Markus Krauss

Personal information
- Date of birth: September 16, 1987 (age 37)
- Place of birth: Sibiu, Romania
- Height: 1.95 m (6 ft 5 in)
- Position(s): Goalkeeper

Youth career
- TSV Eltingen
- 0000–2005: SV Böblingen
- 2005–2006: SSV Reutlingen

Senior career*
- Years: Team / Apps / (Gls)
- 2006–2008: SSV Reutlingen / 17 / (0)
- 2008–2009: 1860 Munich II / 26 / (0)
- 2008–2009: 1860 Munich / 0 / (0)
- 2010–2011: VfB Stuttgart II / 2 / (0)
- 2011–2012: Fortuna Düsseldorf II / 22 / (0)
- 2011–2012: Fortuna Düsseldorf / 0 / (0)
- 2012–2014: Stuttgarter Kickers / 30 / (0)
- 2014–2015: SV Waldhof Mannheim / 23 / (0)
- Total:  / 120 / (0)

Managerial career
- 2015–2018: VfB Stuttgart U17 (goalkeeping coach)
- 2018–: VfB Stuttgart U19 (goalkeeping coach)

= Markus Krauss =

German footballer

Markus Krauss (born September 16, 1987) is a German retired footballer who played as a goalkeeper.

==Career==
Krauss played in the youth for the TSV Eltingen and SV Böblingen, and graduated in 2005 the SSV Reutlingen 05 at. In the 2005/06 season Krauss increased with the A-Youth Reutlingen in the U-19 Bundesliga on. After the 2007–08 season in the Regionalliga Süd had completed 17 games for the first team of SSV, Krauss joined the then second division club TSV 1860 München . There he came for the second team on 26 Regional inserts. Krauss trained since the summer of 2009 as a guest player for the second team of VfB Stuttgart with and received on 29 January 2010 at VfB a contract until the end of June 2011th

Krauss was on 30 April 2010 at the 37th matchday of the 2009/10 season for VfB II in the third Professional league against SpVgg Unterhaching his professional debut.
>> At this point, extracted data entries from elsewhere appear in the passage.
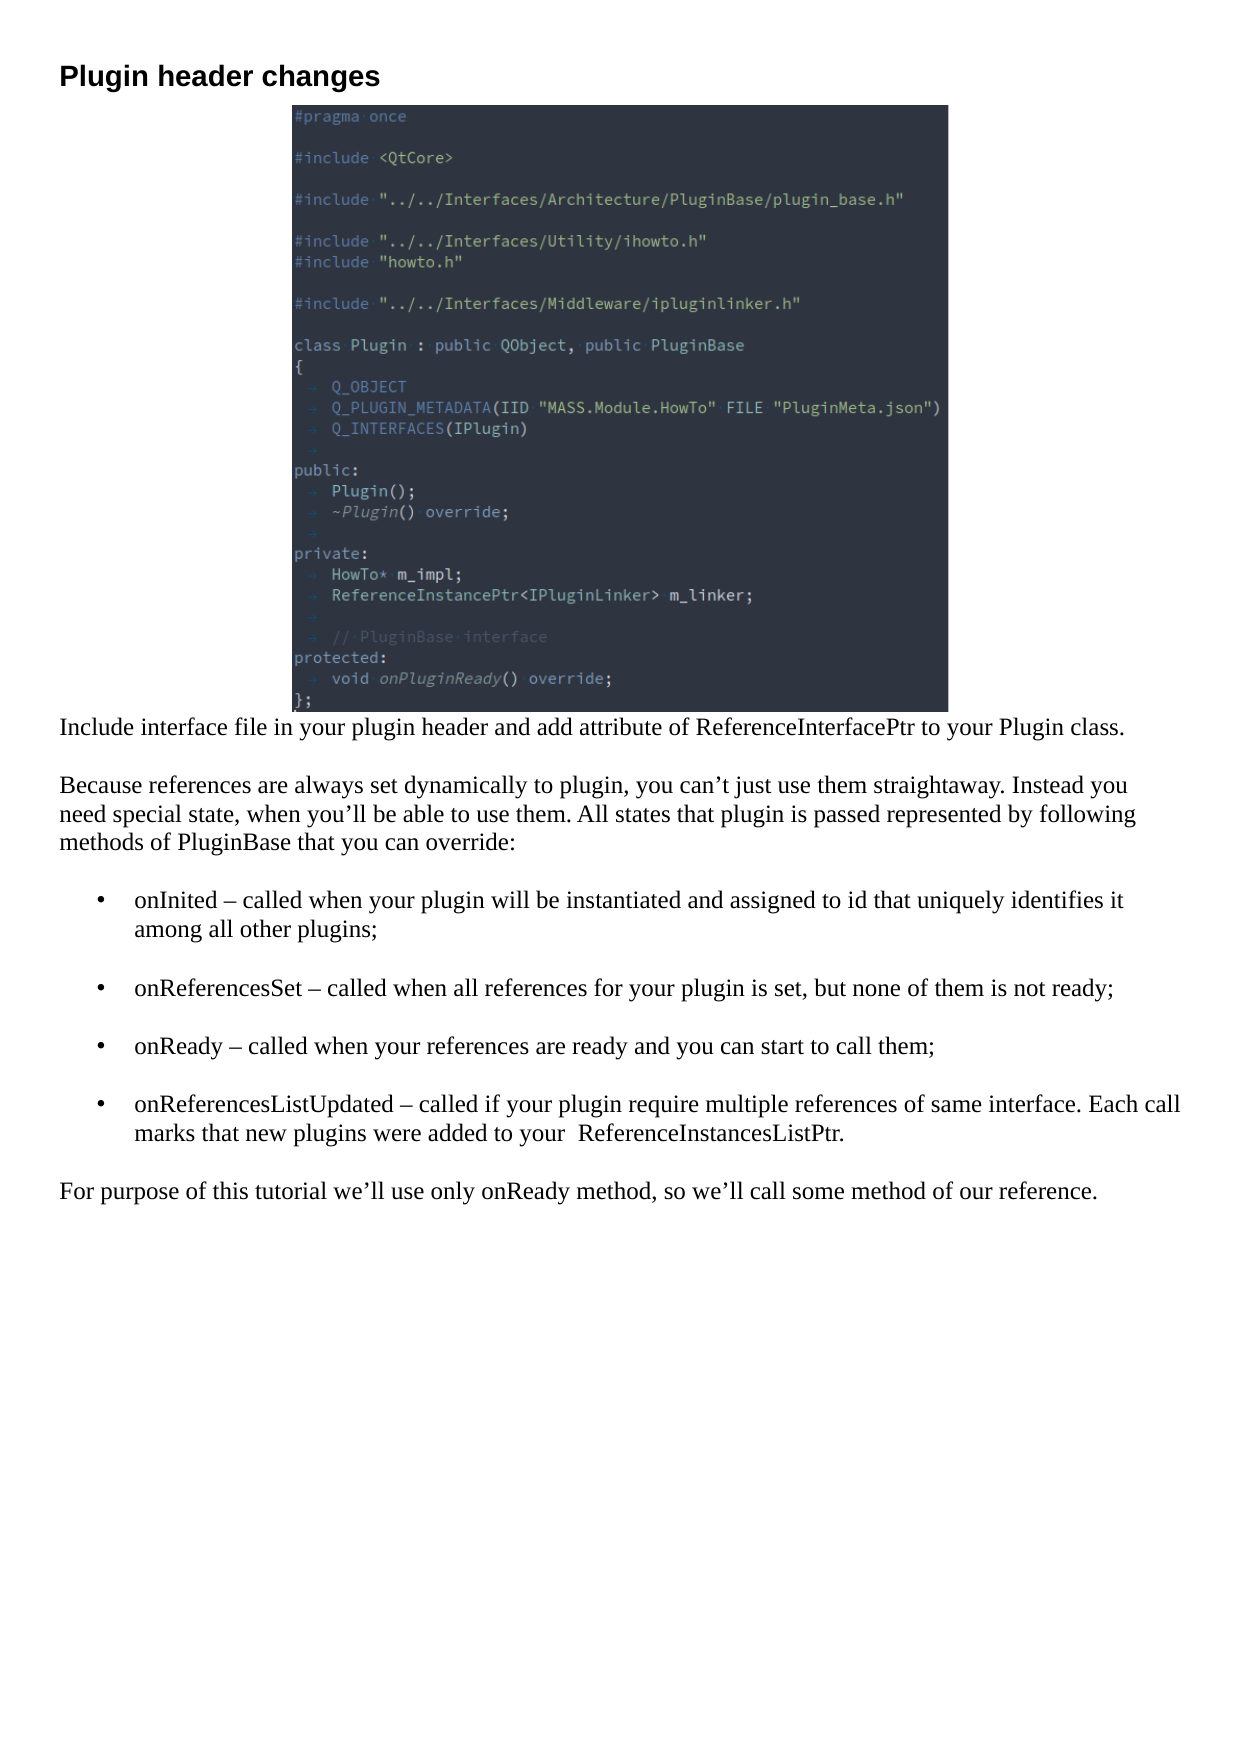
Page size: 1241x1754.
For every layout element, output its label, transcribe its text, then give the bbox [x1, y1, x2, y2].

text Include interface file in your plugin header and add attribute of ReferenceInterfacePtr to your Plugin class. [59, 135, 1181, 740]
list onReady – called when your references are ready and you can start to call them; [97, 1031, 1181, 1059]
list onReferencesListUpdated – called if your plugin require multiple references of same interface. Each call marks that new plugins were added to your ReferenceInstancesListPtr. [97, 1089, 1181, 1147]
picture [292, 105, 949, 712]
text Because references are always set dynamically to plugin, you can’t just use them straightaway. Instead you need special state, when you’ll be able to use them. All states that plugin is passed represented by following methods of PluginBase that you can override: [59, 770, 1181, 856]
list onInited – called when your plugin will be instantiated and assigned to id that uniquely identifies it among all other plugins; [97, 886, 1181, 943]
list onReferencesSet – called when all references for your plugin is set, but none of them is not ready; [97, 973, 1181, 1001]
subtitle Plugin header changes [59, 59, 1181, 93]
text For purpose of this tutorial we’ll use only onReady method, so we’ll call some method of our reference. [59, 1176, 1181, 1205]
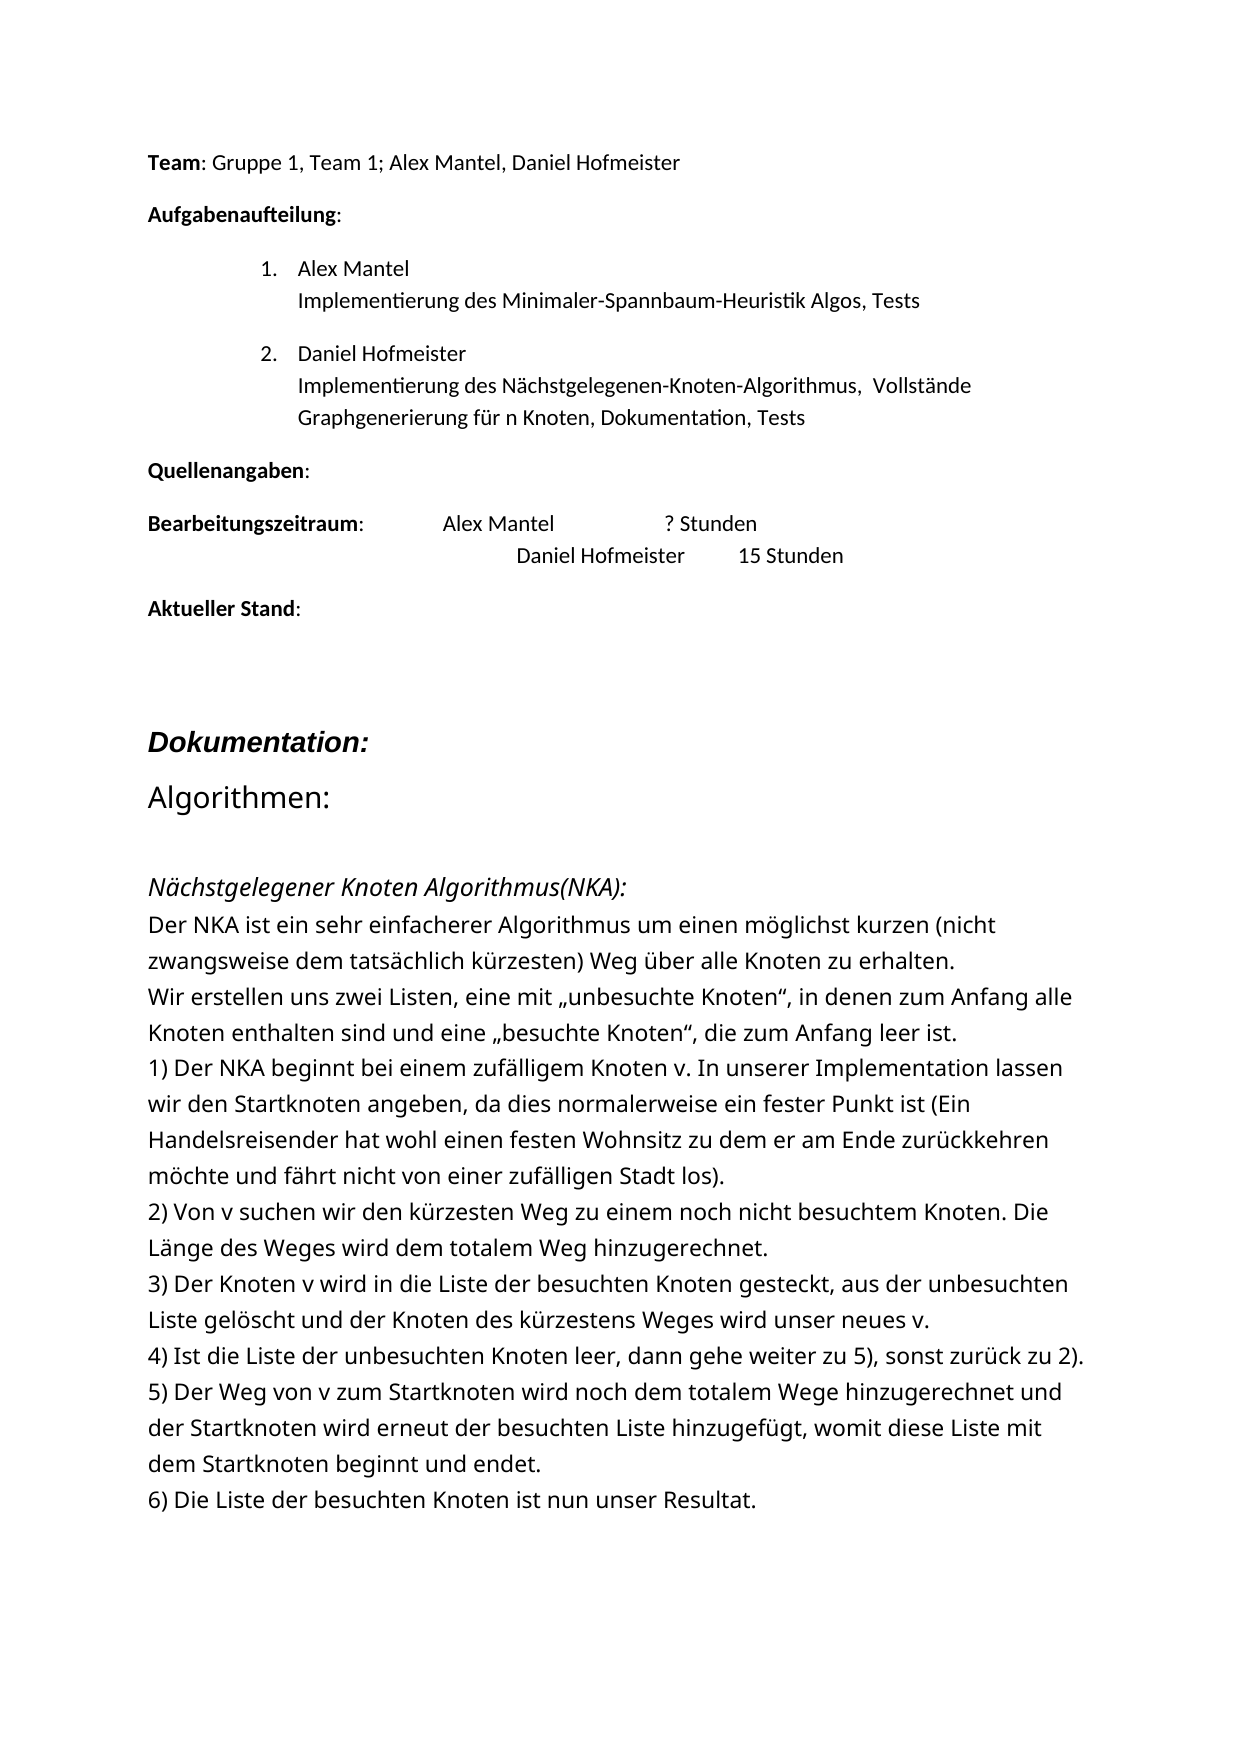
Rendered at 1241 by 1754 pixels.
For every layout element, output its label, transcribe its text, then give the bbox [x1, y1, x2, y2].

text 5) Der Weg von v zum Startknoten wird noch dem totalem Wege hinzugerechnet und der Startknoten wird erneut der besuchten Liste hinzugefügt, womit diese Liste mit dem Startknoten beginnt und endet. [148, 1376, 1093, 1479]
subtitle Dokumentation: [148, 726, 1093, 759]
text Bearbeitungszeitraum: Alex Mantel ? Stunden Daniel Hofmeister 15 Stunden [148, 509, 1093, 569]
text Aufgabenaufteilung: [148, 201, 1093, 229]
text 1) Der NKA beginnt bei einem zufälligem Knoten v. In unserer Implementation lassen wir den Startknoten angeben, da dies normalerweise ein fester Punkt ist (Ein Handelsreisender hat wohl einen festen Wohnsitz zu dem er am Ende zurückkehren möchte und fährt nicht von einer zufälligen Stadt los). [148, 1052, 1093, 1191]
text Quellenangaben: [148, 456, 1093, 484]
text Nächstgelegener Knoten Algorithmus(NKA): [148, 869, 1093, 903]
list Daniel Hofmeister Implementierung des Nächstgelegenen-Knoten-Algorithmus, Vollstände Graphgenerierung für n Knoten, Dokumentation, Tests [260, 339, 1093, 431]
text Team: Gruppe 1, Team 1; Alex Mantel, Daniel Hofmeister [148, 148, 1093, 176]
list Alex Mantel Implementierung des Minimaler-Spannbaum-Heuristik Algos, Tests [260, 254, 1093, 314]
text Wir erstellen uns zwei Listen, eine mit „unbesuchte Knoten“, in denen zum Anfang alle Knoten enthalten sind und eine „besuchte Knoten“, die zum Anfang leer ist. [148, 981, 1093, 1048]
text Aktueller Stand: [148, 594, 1093, 622]
text 6) Die Liste der besuchten Knoten ist nun unser Resultat. [148, 1484, 1093, 1515]
text Algorithmen: [148, 777, 1093, 817]
text 4) Ist die Liste der unbesuchten Knoten leer, dann gehe weiter zu 5), sonst zurück zu 2). [148, 1340, 1093, 1371]
text 2) Von v suchen wir den kürzesten Weg zu einem noch nicht besuchtem Knoten. Die Länge des Weges wird dem totalem Weg hinzugerechnet. [148, 1196, 1093, 1263]
text Der NKA ist ein sehr einfacherer Algorithmus um einen möglichst kurzen (nicht zwangsweise dem tatsächlich kürzesten) Weg über alle Knoten zu erhalten. [148, 909, 1093, 976]
text 3) Der Knoten v wird in die Liste der besuchten Knoten gesteckt, aus der unbesuchten Liste gelöscht und der Knoten des kürzestens Weges wird unser neues v. [148, 1268, 1093, 1335]
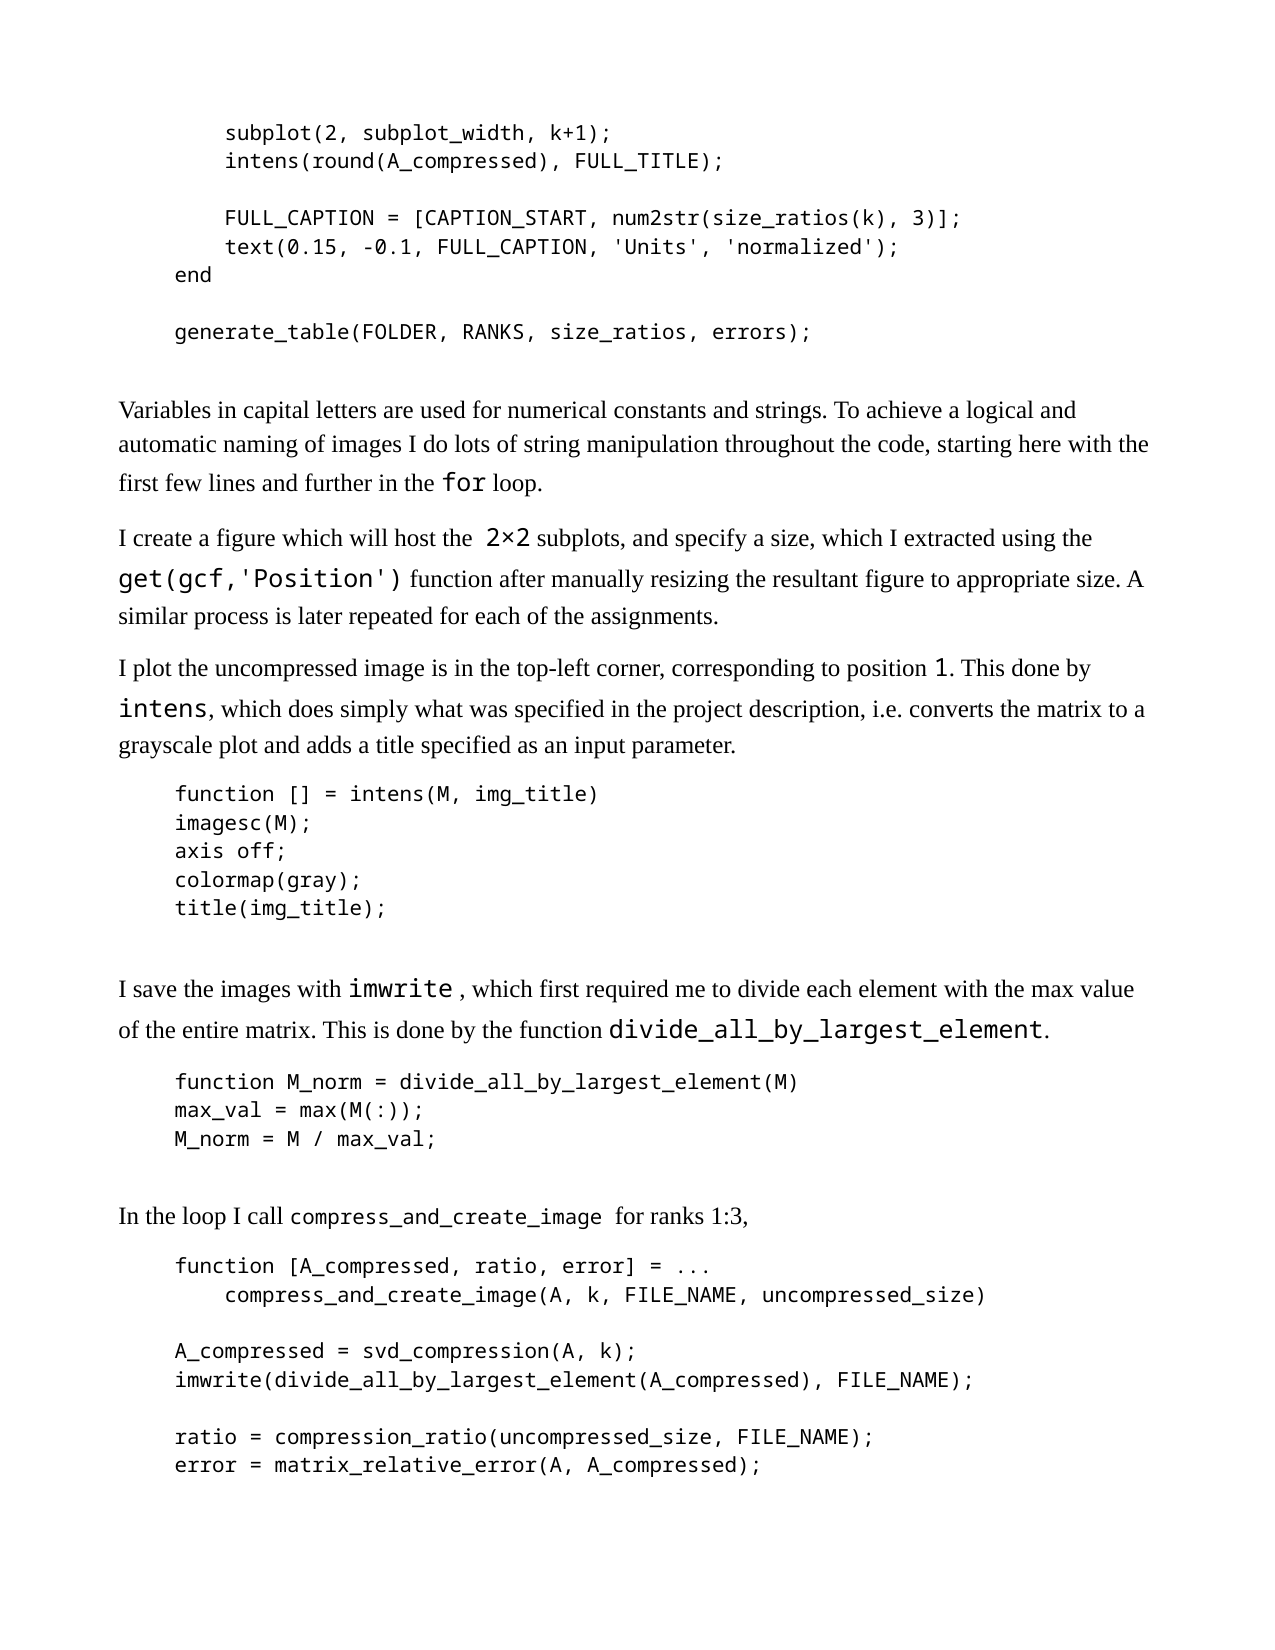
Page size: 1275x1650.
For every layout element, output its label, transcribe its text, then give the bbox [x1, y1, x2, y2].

text function [A_compressed, ratio, error] = ... [174, 1251, 1157, 1280]
text imagesc(M); [174, 808, 1157, 836]
text FULL_CAPTION = [CAPTION_START, num2str(size_ratios(k), 3)]; [174, 203, 1157, 232]
text error = matrix_relative_error(A, A_compressed); [174, 1450, 1157, 1479]
text compress_and_create_image(A, k, FILE_NAME, uncompressed_size) [174, 1280, 1157, 1308]
text end [174, 260, 1157, 289]
text I save the images with imwrite , which first required me to divide each element with the max value of the entire matrix. This is done by the function divide_all_by_largest_element. [118, 971, 1157, 1046]
text function [] = intens(M, img_title) [174, 779, 1157, 808]
text A_compressed = svd_compression(A, k); [174, 1337, 1157, 1365]
text function M_norm = divide_all_by_largest_element(M) [174, 1067, 1157, 1095]
text subplot(2, subplot_width, k+1); [174, 118, 1157, 147]
text max_val = max(M(:)); [174, 1095, 1157, 1124]
text axis off; [174, 836, 1157, 865]
text I create a figure which will host the 2×2 subplots, and specify a size, which I extracted using the get(gcf,'Position') function after manually resizing the resultant figure to appropriate size. A similar process is later repeated for each of the assignments. [118, 520, 1157, 629]
text M_norm = M / max_val; [174, 1124, 1157, 1152]
text title(img_title); [174, 893, 1157, 922]
text In the loop I call compress_and_create_image for ranks 1:3, [118, 1201, 1157, 1231]
text text(0.15, -0.1, FULL_CAPTION, 'Units', 'normalized'); [174, 232, 1157, 260]
text intens(round(A_compressed), FULL_TITLE); [174, 147, 1157, 175]
text generate_table(FOLDER, RANKS, size_ratios, errors); [174, 317, 1157, 346]
text ratio = compression_ratio(uncompressed_size, FILE_NAME); [174, 1422, 1157, 1450]
text I plot the uncompressed image is in the top-left corner, corresponding to position 1. This done by intens, which does simply what was specified in the project description, i.e. converts the matrix to a grayscale plot and adds a title specified as an input parameter. [118, 650, 1157, 759]
text Variables in capital letters are used for numerical constants and strings. To achieve a logical and automatic naming of images I do lots of string manipulation throughout the code, starting here with the first few lines and further in the for loop. [118, 395, 1157, 499]
text colormap(gray); [174, 865, 1157, 893]
text imwrite(divide_all_by_largest_element(A_compressed), FILE_NAME); [174, 1365, 1157, 1393]

For the 2011/12 season Krauss joined to the second division Fortuna Düsseldorf. He completed 22 times this season for the second team in Düsseldorf in the West Regional and rose without a separate application for the first team with the Fortuna in the Bundesliga on.

After a year in Düsseldorf Krauss closed for subsequent season the Stuttgarter Kickers on. [2] For the 2014/15 season Krauss moved to the third division SV Waldhof Mannheim.